Astronauts are limited in their capacity to maintain hygiene the same way they can on Earth. The space station crew use wet wipes to bathe and dry shampoo to cleanse their hair. There are no washing machines to launder clothes. These factors also contribute to more frequent skin complications, according to a recent scientific literature review in Skin Pharmacology and Physiology.


“Any loss of functional or structural stability in skin is a potential source of other health problems as well.”
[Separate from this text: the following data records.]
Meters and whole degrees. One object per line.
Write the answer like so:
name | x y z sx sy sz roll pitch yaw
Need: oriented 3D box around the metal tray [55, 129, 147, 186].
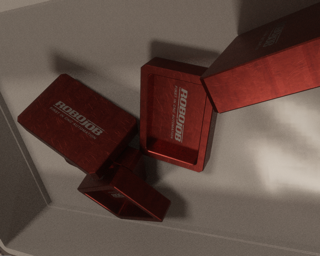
metal tray | -0.087 0.044 0.454 0.130 0.030 0.090 21 150 15

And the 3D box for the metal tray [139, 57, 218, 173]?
metal tray | 0.022 -0.014 0.383 0.090 0.030 0.129 16 125 18

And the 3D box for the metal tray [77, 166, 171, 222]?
metal tray | -0.056 0.098 0.450 0.090 0.030 0.130 40 149 -19

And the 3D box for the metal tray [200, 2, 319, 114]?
metal tray | 0.096 -0.062 0.251 0.090 0.131 0.030 -15 111 34

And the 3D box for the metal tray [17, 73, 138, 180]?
metal tray | -0.106 -0.005 0.406 0.130 0.090 0.030 32 159 15
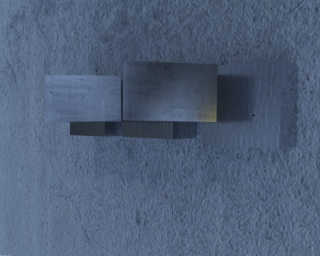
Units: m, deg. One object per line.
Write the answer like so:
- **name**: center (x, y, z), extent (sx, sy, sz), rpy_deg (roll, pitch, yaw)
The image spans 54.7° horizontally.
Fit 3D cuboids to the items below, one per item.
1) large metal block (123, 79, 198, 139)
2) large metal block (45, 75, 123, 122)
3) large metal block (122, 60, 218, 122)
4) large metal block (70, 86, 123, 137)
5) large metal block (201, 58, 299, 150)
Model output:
- **large metal block**: center (0.000, -0.028, 0.389), extent (0.080, 0.050, 0.079), rpy_deg (1, 91, 39)
- **large metal block**: center (-0.086, -0.032, 0.374), extent (0.081, 0.080, 0.050), rpy_deg (-1, 90, -6)
- **large metal block**: center (0.005, -0.031, 0.302), extent (0.080, 0.081, 0.050), rpy_deg (-172, 84, -84)
- **large metal block**: center (-0.089, -0.029, 0.461), extent (0.080, 0.050, 0.079), rpy_deg (1, 90, 39)
- **large metal block**: center (0.091, -0.022, 0.315), extent (0.080, 0.050, 0.079), rpy_deg (2, 91, 39)

The skin conditions space station crew have experienced over the years include psoriasis (scaly rash); nails coming off; dermatitis (skin irritation); hypersensitivities; hair follicle inflammation; fungal, viral, and bacterial infections; delayed wound healing; frostbite; and skin cancer. NASA found 33 cases of basal and squamous cell carcinomas, two common types of skin cancer, among 312 astronauts, compared to 27 cases among 912 earthbound control subjects. That amounts to an almost threefold elevated rate among the astronauts, according to the same paper.

Colgate’s samples will consist of human skin cells on a porous surface to mimic the 3D organization of skin tissue. Seven days after scientists have grown the skin, the plates will arrive at the space station. Tissue sets will be frozen after different time intervals of exposure to the weak gravity in space. Then, they’ll be stored at -112 degrees Fahrenheit until scientists can study the samples after their spaceflight.

“What we anticipate is to see earlier and more dramatic signs of tissue damage and perhaps activation of skin-repair mechanisms in the tissue under microgravity,” Arvantitidou said. “And also, we’re hoping that we will see different genes change.”